ETL Data Result Accuracy Issues Summary

Common Issues

  1. ETL preview data and result dataset are inconsistent, for example, data can be filtered in ETL, but there's no data in the result dataset;

  2. ETL preview data and input dataset are inconsistent;

  3. ETL calculated data is different each time;

  4. ETL calculated data is incorrect.

Causes

1. Row and Column Permission Issues

Input datasets have row and column permissions set. In versions before 5.5, ETL preview is effective according to the ETL owner's row and column permissions, meaning ETL visitors can see data beyond their permissions during preview, but in the result dataset, they can only see data they have permissions for. So ETL preview data and result dataset inconsistency is normal.

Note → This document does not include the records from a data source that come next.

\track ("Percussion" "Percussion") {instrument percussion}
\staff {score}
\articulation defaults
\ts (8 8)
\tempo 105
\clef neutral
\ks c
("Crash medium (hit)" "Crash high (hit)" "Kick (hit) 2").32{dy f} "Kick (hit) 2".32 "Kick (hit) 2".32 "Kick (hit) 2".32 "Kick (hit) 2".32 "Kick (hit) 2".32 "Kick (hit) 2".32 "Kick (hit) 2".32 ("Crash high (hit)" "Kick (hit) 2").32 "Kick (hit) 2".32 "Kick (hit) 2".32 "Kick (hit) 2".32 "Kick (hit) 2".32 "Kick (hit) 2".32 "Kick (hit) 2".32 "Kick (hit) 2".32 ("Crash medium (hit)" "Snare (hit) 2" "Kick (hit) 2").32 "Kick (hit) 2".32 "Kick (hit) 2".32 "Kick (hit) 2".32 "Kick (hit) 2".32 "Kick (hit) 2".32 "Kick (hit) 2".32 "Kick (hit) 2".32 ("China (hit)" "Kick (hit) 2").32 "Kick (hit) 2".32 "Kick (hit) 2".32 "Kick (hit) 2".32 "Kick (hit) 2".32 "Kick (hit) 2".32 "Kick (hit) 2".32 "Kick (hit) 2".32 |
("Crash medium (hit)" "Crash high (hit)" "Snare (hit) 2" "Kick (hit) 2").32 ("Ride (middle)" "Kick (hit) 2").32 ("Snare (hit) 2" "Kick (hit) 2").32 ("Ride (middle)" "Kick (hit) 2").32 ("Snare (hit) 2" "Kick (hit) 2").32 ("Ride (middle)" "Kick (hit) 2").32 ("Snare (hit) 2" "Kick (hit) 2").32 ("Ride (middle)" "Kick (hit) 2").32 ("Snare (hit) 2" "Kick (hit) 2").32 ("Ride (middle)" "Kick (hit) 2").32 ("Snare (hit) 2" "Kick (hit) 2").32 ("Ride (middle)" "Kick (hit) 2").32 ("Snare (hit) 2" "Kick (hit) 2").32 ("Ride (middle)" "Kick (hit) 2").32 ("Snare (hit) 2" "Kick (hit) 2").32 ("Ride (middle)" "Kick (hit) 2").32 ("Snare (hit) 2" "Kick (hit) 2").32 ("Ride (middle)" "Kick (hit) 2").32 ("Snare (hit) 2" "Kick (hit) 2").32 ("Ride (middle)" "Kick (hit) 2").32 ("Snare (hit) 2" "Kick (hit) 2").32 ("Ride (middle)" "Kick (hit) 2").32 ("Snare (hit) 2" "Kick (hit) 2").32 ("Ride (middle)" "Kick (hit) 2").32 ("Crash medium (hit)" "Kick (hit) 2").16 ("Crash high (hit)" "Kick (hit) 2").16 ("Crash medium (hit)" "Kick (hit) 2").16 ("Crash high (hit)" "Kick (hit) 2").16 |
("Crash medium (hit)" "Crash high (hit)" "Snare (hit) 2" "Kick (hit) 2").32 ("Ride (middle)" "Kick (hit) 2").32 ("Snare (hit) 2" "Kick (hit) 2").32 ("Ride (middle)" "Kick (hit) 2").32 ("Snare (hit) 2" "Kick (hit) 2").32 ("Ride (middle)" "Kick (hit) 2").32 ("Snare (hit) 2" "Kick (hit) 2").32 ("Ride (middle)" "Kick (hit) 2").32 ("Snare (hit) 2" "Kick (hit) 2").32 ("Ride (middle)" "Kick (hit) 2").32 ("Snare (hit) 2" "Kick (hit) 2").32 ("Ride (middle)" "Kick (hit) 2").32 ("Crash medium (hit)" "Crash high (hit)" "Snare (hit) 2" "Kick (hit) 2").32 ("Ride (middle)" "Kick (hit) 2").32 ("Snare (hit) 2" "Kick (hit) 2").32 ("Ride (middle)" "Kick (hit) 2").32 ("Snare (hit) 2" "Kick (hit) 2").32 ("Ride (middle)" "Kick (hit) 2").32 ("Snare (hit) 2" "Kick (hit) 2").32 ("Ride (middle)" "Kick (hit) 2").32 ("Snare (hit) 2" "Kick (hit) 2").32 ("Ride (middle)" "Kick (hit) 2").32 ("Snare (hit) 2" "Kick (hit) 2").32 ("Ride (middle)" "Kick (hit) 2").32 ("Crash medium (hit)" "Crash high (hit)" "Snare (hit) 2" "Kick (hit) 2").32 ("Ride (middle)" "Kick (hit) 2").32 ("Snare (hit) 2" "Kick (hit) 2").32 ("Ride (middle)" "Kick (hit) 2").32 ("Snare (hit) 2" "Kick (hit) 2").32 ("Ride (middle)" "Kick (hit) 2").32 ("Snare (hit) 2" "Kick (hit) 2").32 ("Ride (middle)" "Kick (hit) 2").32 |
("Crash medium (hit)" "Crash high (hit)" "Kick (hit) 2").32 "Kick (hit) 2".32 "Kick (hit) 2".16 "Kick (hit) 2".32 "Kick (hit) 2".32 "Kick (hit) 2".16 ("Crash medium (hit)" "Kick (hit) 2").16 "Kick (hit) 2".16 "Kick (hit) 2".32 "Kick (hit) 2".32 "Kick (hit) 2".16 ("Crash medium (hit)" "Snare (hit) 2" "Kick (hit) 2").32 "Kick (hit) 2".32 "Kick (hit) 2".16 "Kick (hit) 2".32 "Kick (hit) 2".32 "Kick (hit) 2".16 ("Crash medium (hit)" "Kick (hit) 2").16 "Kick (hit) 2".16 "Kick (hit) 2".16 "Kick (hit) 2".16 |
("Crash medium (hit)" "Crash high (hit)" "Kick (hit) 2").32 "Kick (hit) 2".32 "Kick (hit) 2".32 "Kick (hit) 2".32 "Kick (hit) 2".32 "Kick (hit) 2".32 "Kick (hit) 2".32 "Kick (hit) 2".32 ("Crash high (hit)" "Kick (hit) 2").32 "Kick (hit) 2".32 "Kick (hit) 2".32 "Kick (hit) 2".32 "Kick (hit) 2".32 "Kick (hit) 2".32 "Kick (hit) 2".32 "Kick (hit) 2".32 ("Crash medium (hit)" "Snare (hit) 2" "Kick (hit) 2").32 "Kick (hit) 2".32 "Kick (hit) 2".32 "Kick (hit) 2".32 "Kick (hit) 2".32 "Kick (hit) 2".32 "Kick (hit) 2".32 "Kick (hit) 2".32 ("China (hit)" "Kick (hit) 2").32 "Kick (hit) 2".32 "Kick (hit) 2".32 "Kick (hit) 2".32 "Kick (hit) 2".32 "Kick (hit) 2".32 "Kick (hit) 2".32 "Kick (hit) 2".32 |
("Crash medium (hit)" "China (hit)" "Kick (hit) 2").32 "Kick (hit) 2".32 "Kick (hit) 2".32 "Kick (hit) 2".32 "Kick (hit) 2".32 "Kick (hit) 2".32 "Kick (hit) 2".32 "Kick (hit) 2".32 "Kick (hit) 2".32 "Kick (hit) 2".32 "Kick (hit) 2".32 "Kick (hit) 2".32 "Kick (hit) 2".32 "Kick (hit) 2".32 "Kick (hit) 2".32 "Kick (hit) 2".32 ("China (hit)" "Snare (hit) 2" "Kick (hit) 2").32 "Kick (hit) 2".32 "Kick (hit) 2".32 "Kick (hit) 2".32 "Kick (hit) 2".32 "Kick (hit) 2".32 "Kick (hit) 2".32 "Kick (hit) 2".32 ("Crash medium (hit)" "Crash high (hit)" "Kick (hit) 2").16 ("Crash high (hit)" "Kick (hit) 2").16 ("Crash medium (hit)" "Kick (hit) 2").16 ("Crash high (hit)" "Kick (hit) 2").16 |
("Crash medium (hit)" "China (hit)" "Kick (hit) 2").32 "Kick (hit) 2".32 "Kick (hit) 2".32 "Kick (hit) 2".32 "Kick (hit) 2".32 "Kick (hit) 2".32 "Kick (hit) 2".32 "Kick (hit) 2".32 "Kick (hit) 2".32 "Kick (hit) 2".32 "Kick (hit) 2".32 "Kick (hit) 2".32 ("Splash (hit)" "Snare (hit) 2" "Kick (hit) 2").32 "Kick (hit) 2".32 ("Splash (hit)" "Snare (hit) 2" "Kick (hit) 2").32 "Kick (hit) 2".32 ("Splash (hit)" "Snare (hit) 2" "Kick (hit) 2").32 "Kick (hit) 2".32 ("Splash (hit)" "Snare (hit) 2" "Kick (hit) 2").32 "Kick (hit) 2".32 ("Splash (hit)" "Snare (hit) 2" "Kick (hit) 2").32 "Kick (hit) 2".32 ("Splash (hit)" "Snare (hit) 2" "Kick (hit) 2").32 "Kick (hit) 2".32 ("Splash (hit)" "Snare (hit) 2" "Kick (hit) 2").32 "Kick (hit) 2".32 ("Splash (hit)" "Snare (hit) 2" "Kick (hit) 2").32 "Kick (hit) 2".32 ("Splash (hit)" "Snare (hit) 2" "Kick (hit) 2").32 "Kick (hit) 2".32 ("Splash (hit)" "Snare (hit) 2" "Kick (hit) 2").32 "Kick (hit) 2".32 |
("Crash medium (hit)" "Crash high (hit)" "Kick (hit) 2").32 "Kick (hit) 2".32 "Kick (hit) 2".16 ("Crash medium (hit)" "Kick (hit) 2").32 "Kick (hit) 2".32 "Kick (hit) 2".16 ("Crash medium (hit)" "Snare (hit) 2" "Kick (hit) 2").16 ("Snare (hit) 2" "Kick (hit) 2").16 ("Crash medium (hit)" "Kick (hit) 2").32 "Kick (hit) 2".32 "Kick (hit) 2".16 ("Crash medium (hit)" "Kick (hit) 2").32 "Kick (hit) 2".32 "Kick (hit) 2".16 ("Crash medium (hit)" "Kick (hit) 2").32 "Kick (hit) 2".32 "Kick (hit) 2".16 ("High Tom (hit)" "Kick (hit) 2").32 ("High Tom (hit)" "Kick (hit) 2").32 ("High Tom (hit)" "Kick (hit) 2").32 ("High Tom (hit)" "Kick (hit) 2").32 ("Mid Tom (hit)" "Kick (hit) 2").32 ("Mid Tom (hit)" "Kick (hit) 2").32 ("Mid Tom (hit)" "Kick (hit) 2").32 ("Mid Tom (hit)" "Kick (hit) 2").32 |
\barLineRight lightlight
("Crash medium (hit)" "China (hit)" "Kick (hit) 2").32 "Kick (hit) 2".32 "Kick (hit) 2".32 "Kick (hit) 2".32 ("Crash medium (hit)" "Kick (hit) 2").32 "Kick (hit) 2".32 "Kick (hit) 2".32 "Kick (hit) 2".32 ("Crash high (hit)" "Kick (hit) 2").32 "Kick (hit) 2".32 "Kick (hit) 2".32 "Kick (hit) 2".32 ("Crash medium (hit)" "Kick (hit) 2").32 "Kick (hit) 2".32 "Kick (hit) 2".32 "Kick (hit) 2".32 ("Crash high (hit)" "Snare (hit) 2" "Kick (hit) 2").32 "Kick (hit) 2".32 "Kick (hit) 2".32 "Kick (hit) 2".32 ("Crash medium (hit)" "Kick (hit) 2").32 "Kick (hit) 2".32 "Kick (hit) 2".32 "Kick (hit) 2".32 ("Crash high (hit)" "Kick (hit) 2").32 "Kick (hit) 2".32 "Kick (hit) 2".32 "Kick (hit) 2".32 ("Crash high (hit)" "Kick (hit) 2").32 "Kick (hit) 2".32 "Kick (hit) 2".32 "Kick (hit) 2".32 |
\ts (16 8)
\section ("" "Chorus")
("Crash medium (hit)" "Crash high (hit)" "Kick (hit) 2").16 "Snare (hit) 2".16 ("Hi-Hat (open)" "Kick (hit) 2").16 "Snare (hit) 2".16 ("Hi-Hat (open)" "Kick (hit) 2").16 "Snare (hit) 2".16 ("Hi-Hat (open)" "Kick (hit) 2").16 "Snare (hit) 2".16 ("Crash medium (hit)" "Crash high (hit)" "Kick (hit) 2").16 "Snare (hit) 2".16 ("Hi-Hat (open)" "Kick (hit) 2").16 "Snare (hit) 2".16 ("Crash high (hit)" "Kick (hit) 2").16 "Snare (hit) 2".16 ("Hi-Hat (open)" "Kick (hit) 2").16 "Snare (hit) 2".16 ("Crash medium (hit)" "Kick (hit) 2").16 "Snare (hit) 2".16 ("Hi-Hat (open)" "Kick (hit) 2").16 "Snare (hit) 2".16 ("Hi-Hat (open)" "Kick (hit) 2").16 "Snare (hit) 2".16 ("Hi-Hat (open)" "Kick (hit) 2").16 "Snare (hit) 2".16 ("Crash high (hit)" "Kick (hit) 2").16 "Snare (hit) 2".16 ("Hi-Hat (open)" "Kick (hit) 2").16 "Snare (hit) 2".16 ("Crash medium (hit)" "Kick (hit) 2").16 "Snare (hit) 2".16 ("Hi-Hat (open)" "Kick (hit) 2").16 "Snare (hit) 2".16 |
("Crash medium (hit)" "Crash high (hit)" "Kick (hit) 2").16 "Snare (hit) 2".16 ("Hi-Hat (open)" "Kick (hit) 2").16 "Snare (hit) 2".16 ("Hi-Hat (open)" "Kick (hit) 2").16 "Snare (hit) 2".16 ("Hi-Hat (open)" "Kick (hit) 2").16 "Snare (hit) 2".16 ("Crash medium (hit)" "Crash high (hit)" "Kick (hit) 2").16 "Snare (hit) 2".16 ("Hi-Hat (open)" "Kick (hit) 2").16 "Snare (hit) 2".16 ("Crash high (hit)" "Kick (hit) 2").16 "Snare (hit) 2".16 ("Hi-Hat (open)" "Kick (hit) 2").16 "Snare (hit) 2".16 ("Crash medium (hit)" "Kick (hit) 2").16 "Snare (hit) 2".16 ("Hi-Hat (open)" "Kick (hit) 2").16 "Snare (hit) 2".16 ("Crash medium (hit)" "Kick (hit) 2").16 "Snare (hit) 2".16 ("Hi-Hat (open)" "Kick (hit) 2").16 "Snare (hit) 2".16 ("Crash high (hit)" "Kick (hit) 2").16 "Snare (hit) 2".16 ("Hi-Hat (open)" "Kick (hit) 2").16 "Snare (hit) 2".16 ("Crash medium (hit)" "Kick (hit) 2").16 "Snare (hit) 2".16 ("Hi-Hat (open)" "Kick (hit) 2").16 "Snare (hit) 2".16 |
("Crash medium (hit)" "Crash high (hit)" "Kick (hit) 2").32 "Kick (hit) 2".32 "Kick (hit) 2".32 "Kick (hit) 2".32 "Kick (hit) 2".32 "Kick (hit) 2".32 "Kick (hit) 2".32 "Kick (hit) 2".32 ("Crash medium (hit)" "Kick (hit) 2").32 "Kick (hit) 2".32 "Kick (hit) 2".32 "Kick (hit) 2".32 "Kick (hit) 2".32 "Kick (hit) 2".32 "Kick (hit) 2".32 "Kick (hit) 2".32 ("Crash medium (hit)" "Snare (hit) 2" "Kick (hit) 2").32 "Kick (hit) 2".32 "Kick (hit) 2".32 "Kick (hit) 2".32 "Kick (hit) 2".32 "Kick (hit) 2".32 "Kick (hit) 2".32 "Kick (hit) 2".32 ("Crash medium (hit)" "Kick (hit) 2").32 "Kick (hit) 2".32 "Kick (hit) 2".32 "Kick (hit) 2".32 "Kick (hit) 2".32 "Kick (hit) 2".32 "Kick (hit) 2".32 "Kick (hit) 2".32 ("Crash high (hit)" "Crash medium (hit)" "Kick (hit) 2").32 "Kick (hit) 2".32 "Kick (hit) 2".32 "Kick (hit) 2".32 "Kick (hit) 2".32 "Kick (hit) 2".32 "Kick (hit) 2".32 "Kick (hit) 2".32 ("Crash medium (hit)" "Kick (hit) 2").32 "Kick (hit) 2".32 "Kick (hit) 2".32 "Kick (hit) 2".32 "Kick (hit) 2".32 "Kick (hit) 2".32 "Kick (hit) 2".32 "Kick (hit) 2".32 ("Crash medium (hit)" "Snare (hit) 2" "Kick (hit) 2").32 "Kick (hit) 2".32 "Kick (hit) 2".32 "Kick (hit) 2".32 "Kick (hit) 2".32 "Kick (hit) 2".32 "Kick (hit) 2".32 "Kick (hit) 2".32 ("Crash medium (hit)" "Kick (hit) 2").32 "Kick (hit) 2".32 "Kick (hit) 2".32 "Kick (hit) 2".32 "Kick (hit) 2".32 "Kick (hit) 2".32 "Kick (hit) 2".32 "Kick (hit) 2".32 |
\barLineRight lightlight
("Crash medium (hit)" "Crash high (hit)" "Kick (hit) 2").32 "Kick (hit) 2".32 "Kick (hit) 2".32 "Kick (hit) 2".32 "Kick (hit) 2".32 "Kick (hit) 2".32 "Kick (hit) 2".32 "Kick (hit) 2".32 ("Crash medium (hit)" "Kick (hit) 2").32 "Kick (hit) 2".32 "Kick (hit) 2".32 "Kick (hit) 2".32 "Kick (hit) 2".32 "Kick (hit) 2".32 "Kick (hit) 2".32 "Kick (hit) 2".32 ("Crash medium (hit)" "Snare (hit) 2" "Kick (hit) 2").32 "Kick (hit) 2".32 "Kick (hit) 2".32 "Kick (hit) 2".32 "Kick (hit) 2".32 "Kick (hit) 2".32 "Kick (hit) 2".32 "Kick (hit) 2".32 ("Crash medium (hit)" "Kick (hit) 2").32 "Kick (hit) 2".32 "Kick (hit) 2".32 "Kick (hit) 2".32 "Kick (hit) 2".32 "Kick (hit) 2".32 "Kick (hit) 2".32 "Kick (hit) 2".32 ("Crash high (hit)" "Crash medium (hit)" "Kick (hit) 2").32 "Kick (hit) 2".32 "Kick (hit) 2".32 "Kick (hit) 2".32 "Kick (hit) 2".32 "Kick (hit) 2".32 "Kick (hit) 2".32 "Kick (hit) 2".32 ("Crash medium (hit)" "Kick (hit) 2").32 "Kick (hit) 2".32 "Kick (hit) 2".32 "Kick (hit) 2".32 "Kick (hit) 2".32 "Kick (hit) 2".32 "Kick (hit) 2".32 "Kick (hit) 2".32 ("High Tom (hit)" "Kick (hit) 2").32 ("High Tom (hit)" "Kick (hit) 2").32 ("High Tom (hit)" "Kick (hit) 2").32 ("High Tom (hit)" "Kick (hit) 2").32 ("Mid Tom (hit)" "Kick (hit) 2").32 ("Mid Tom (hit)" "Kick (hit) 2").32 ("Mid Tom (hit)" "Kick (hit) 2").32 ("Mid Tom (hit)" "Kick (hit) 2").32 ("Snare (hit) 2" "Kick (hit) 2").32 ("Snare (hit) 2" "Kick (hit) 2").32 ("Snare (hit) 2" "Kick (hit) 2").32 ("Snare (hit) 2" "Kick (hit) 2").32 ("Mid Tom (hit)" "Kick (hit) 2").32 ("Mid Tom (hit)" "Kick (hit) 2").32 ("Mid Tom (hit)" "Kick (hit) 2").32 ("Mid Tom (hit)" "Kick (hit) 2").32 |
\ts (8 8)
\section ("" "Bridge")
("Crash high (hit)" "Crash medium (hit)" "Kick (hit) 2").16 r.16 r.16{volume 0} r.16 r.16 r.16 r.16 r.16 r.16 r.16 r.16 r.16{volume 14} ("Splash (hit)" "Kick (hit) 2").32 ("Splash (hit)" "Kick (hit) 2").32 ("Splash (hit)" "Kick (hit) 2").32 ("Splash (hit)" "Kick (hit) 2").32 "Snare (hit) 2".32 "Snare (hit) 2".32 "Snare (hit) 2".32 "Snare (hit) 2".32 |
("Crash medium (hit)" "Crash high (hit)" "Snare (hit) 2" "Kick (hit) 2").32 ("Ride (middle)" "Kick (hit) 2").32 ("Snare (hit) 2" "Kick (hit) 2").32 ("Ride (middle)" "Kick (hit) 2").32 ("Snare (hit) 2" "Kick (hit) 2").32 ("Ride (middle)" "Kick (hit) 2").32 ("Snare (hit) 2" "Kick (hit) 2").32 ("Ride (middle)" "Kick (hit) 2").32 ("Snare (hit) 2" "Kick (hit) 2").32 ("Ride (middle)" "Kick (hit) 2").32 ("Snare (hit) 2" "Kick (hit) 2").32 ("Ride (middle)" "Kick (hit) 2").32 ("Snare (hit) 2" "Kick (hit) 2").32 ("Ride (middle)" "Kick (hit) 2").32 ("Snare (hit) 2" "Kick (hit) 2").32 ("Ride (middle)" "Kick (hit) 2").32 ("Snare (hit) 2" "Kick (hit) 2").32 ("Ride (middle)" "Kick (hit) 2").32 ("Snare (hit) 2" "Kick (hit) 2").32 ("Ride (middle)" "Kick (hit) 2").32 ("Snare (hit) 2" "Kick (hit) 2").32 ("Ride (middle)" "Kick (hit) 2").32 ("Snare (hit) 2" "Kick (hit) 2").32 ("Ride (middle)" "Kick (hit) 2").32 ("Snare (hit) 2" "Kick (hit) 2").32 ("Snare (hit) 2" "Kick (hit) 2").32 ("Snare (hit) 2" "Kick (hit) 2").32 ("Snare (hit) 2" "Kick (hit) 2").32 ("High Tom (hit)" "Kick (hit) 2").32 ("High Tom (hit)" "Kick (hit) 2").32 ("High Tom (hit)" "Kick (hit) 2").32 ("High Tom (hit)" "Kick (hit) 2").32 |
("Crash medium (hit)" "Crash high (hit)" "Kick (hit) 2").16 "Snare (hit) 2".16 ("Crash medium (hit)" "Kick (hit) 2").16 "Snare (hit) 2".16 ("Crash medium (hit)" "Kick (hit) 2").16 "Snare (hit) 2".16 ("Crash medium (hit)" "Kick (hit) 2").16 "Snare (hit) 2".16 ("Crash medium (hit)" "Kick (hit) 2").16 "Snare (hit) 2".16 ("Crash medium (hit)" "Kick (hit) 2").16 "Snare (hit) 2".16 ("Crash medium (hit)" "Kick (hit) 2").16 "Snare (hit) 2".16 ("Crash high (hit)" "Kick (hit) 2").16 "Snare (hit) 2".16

Solution: Starting from version 5.5, administrators can set "Whether to allow visitors to preview datasets according to ETL owner permissions" in "Administrator Settings-System Management-Advanced Settings".

image.png

2. ETL Running Lag

  1. ETL run time and ETL "Last Modified Time" are inconsistent: ETL logic was modified, but ETL wasn't run in time.

Solution: Use preview data to verify data when modifying, save ETL and run ETL in time.

  1. ETL run time and input dataset "Last Update Time" are inconsistent: There are multiple input datasets, ETL update logic settings are inappropriate.

Solution: It's recommended to use "Update ETL only after all checked datasets are updated"; if data timeliness is required and you need to set "Any checked dataset update will trigger", then ensure multiple input dataset update times are staggered, don't cluster together (time interval should be greater than ETL run duration, and leave room for queuing). Once multiple queuing tasks appear for the same ETL simultaneously, later duplicate queuing tasks will be automatically deduplicated and discarded.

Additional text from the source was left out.